|Journal of the Network of African Countries on Local Building Materials and Technologies - Volume 2, Number 3 (HABITAT, 1993, 42 p.)|
* Submitted by Central Building Research Institute (CBRI). Roorkee, India.
Solar energy could easily be used in air-seasoning of timber. Much heat is however, lost by radiation from the surface that absorbs it. It could be utilized more effectively if the heat energy could be entrapped inside a chamber. In this way, continuously transmitted heat is available for the drying process. This can be achieved by preparing a chamber with transparent glass plates. Such a kiln has been designed in the Central Building Research Institute, Roorkee, India (see figure 1). It consists of three main parts, viz., (a) solar-energy collector, (b) seasoning chamber, and (c) chimney.
Black-painted galvanized-iron sheeting of 22 SWG is used as solar energy collector. With the help of a wooden frame, a transparent glass sheet is fitted around the collector leaving an air gap of 5 cm for the movement of fresh air. It is attached to the bottom of the south wall of the seasoning chamber at an angle of 30° with the horizon.
A double-wall chamber is constructed with transparent glass except for the north wall which is of brick masonry. Black-painted aluminium fins of 24 SWG are fitted in the east, west and south walls at an angle of 45° with the horizon. The roof is made of black-painted corrugated galvanized-iron sheeting and has a slope of 1 in 3.
To provide a stack effect inside the seasoning chamber, a chimney (30 x 30 x 80 cm) is fitted vertically over an opening provided in one of the corners of the roof of the seasoning chamber.
Performance of the solar kiln
Performance of the solar kiln was studied in India by seasoning various species of wood, e.g., mango (Mangifera indica), haldu (Adina cardifolia), deodar (Cedrus deodara), teak (Tactona grandis), jamun (Eugenis jambolana), shisham (Dalbergia sissoo) and sal (Shorea robusta).
The seasoning of mango, jamun and haldu timber was carried out in the months of August and September. The time taken in seasoning from green stage to 10 per cent moisture content for the above three of thickness 3.75 cm in the solar kiln was found to be 17, 27 and 18 days respectively while in the shed it was 35, 62 and 40 days. Teak, deodar and shisham timber was seasoned in the month of February and March and the thickness of the planks was 5.0 cm.
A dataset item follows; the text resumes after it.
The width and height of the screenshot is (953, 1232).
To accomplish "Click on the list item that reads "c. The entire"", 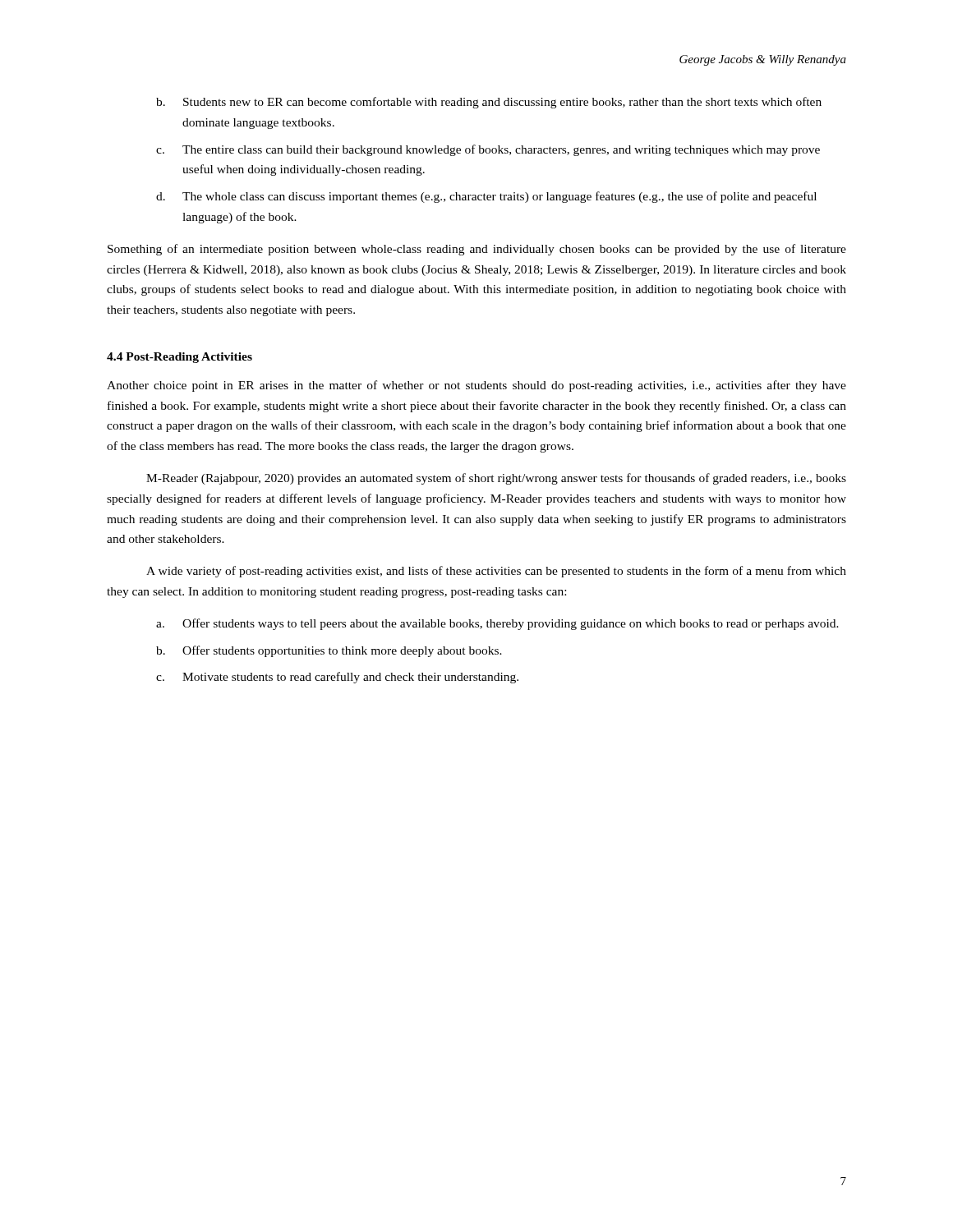I will tap(501, 160).
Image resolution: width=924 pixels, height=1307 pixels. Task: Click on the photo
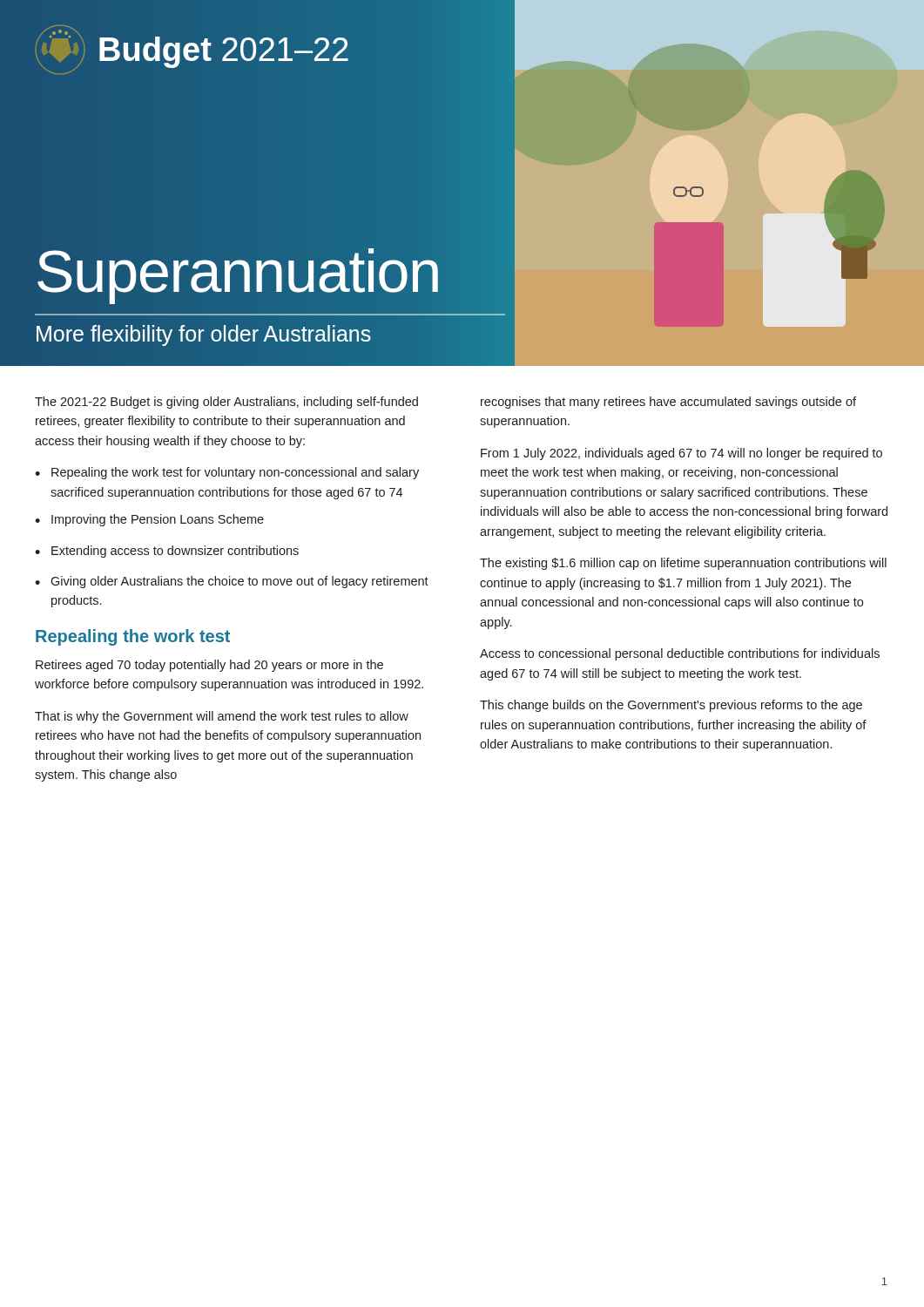[462, 183]

The time taken in seasoning by the respective woods in the kiln was found to be 20, 14 and 28 days while in a shed they took 42, 25 and 60 days. Sal wood is considered highly refractory from a seasoning point of view and is generally used in the form of scantling. Therefore, the size taken for study was 7.5 x 15 cm and the study was carried out from November to January. It was found that in the kiln it took 67 days while in the shed the seasoning was completed in 4 months. On average, it can be concluded that the time taken for seasoning in the kiln was about half of that taken in air seasoning.
The high temperature inside the kiln helped in lowering its relative humidity. However, in the initial stages it was somewhat more than the prevailing atmospheric relative humidity due to a quick decrease of moisture content. During rainfall, the moisture content of the plank kept inside the shed increased due to high relative humidity of the atmosphere. However, in the kiln there was no appreciable change as the entry of fresh air was prevented. The maximum difference of temperature inside and outside the kiln was 15°C.
Normal practice in air-seasoning is to keep the timber without proper stacking on an uneven platform in the field or under a tree or shed. In these situations the material cannot be protected properly from sun rays and rain showers and neither can the direction of air flow be regulated. Thus no proper air-seasoning can be achieved in this manner, besides the increase in time of seasoning. The seasoning losses such as warping, cracking or shrinkage are also high in such a situation and sometimes the material is not of any use except as fire wood.
Capacity and cost of construction of a solar kiln
The kilns designed in India were of two different capacities, viz., 3 and 15 cubic metres of wood. The cost of construction of the smaller kiln is about US$ 1600 while that of the larger one is about US$4200 (1989 price quotations).